START Provided records

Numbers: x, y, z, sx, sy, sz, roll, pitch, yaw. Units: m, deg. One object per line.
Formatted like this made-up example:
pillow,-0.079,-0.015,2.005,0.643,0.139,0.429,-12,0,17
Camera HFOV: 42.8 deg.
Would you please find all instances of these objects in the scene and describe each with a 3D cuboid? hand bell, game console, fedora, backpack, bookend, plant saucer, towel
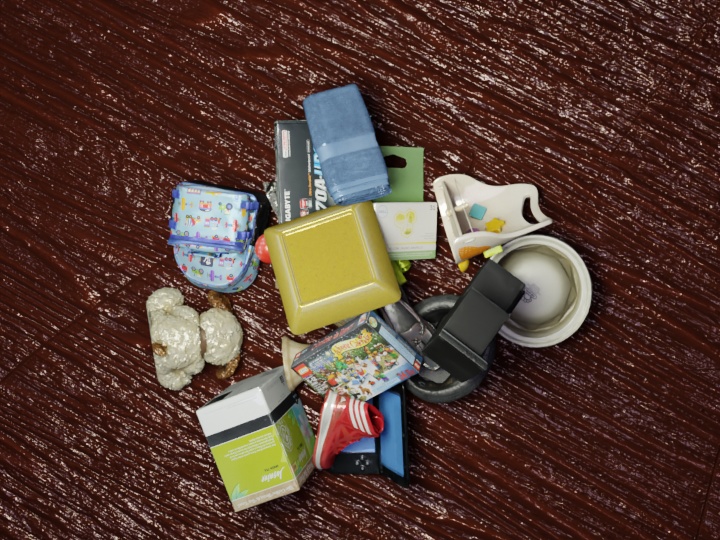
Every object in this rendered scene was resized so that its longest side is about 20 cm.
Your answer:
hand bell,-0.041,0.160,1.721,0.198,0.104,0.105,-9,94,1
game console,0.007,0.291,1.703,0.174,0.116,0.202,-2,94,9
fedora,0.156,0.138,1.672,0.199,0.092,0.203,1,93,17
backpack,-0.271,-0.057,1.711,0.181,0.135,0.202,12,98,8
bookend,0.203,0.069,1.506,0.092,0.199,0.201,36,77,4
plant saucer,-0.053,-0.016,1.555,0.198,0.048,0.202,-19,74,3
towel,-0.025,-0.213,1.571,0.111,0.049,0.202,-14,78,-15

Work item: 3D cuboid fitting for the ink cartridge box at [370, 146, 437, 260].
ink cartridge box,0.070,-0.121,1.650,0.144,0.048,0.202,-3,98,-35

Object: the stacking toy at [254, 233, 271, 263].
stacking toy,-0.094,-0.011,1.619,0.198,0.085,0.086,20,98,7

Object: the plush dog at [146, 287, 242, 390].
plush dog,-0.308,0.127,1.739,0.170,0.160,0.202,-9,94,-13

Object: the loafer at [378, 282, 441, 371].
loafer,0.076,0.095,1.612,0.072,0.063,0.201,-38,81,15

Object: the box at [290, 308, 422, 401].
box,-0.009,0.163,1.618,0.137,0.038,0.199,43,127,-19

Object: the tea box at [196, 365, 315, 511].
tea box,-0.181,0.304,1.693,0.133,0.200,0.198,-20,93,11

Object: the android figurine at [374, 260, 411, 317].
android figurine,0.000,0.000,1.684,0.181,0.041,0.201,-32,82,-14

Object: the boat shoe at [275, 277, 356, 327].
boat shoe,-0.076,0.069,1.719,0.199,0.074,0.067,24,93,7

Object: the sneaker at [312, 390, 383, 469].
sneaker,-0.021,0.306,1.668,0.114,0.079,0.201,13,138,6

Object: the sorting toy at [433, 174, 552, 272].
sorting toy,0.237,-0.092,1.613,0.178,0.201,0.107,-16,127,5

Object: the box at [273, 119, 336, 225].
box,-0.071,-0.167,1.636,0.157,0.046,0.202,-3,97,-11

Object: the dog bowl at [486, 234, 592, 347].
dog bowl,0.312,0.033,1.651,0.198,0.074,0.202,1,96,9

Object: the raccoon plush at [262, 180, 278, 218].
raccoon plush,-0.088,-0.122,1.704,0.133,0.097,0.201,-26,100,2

END Provided records
START Provided records

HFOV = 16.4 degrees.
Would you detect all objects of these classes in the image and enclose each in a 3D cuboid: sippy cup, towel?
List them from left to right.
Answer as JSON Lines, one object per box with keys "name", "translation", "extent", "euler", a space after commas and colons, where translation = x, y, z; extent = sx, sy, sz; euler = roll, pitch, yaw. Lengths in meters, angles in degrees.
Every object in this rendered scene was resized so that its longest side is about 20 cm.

END Provided records

# Exercise
Once the lines above that include "Would" are counted, report the number and nothing else.

# Output of the task
2